──────── Input material ────────

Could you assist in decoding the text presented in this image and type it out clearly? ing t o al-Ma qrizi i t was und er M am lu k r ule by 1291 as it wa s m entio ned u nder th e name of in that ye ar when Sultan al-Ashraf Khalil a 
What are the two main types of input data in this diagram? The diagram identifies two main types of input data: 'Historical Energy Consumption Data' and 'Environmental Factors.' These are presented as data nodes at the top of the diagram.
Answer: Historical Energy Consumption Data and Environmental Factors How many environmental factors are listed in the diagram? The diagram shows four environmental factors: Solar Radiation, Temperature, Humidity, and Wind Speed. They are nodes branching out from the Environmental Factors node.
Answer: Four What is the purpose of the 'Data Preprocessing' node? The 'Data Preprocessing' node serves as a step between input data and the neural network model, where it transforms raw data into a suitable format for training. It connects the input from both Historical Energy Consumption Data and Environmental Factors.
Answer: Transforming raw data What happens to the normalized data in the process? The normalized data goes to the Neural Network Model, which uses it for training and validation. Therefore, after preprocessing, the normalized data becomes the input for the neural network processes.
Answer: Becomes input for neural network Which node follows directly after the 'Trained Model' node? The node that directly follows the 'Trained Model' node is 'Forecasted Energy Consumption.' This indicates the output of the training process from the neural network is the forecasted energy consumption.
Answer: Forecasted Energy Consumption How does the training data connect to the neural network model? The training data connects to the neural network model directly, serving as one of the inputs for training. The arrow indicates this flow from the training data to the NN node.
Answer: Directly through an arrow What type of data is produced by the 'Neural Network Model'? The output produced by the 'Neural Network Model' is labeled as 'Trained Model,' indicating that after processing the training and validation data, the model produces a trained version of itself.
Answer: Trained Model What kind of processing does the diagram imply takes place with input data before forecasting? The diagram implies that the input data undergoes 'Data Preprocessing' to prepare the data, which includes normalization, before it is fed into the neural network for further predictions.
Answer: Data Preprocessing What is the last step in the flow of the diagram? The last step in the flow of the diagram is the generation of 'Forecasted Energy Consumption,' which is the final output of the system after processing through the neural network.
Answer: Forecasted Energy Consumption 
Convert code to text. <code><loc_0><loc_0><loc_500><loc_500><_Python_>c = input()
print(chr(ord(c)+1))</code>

────────

Problem to work on: Restate each of the records exactly, leaving nothing out.

Written answer:
Could you assist in decoding the text presented in this image and type it out clearly? ing t o al-Ma qrizi i t was und er M am lu k r ule by 1291 as it wa s m entio ned u nder th e name of in that ye ar when Sultan al-Ashraf Khalil a 
What are the two main types of input data in this diagram? The diagram identifies two main types of input data: 'Historical Energy Consumption Data' and 'Environmental Factors.' These are presented as data nodes at the top of the diagram.
Answer: Historical Energy Consumption Data and Environmental Factors How many environmental factors are listed in the diagram? The diagram shows four environmental factors: Solar Radiation, Temperature, Humidity, and Wind Speed. They are nodes branching out from the Environmental Factors node.
Answer: Four What is the purpose of the 'Data Preprocessing' node? The 'Data Preprocessing' node serves as a step between input data and the neural network model, where it transforms raw data into a suitable format for training. It connects the input from both Historical Energy Consumption Data and Environmental Factors.
Answer: Transforming raw data What happens to the normalized data in the process? The normalized data goes to the Neural Network Model, which uses it for training and validation. Therefore, after preprocessing, the normalized data becomes the input for the neural network processes.
Answer: Becomes input for neural network Which node follows directly after the 'Trained Model' node? The node that directly follows the 'Trained Model' node is 'Forecasted Energy Consumption.' This indicates the output of the training process from the neural network is the forecasted energy consumption.
Answer: Forecasted Energy Consumption How does the training data connect to the neural network model? The training data connects to the neural network model directly, serving as one of the inputs for training. The arrow indicates this flow from the training data to the NN node.
Answer: Directly through an arrow What type of data is produced by the 'Neural Network Model'? The output produced by the 'Neural Network Model' is labeled as 'Trained Model,' indicating that after processing the training and validation data, the model produces a trained version of itself.
Answer: Trained Model What kind of processing does the diagram imply takes place with input data before forecasting? The diagram implies that the input data undergoes 'Data Preprocessing' to prepare the data, which includes normalization, before it is fed into the neural network for further predictions.
Answer: Data Preprocessing What is the last step in the flow of the diagram? The last step in the flow of the diagram is the generation of 'Forecasted Energy Consumption,' which is the final output of the system after processing through the neural network.
Answer: Forecasted Energy Consumption 
Convert code to text. <code><loc_0><loc_0><loc_500><loc_500><_Python_>c = input()
print(chr(ord(c)+1))</code>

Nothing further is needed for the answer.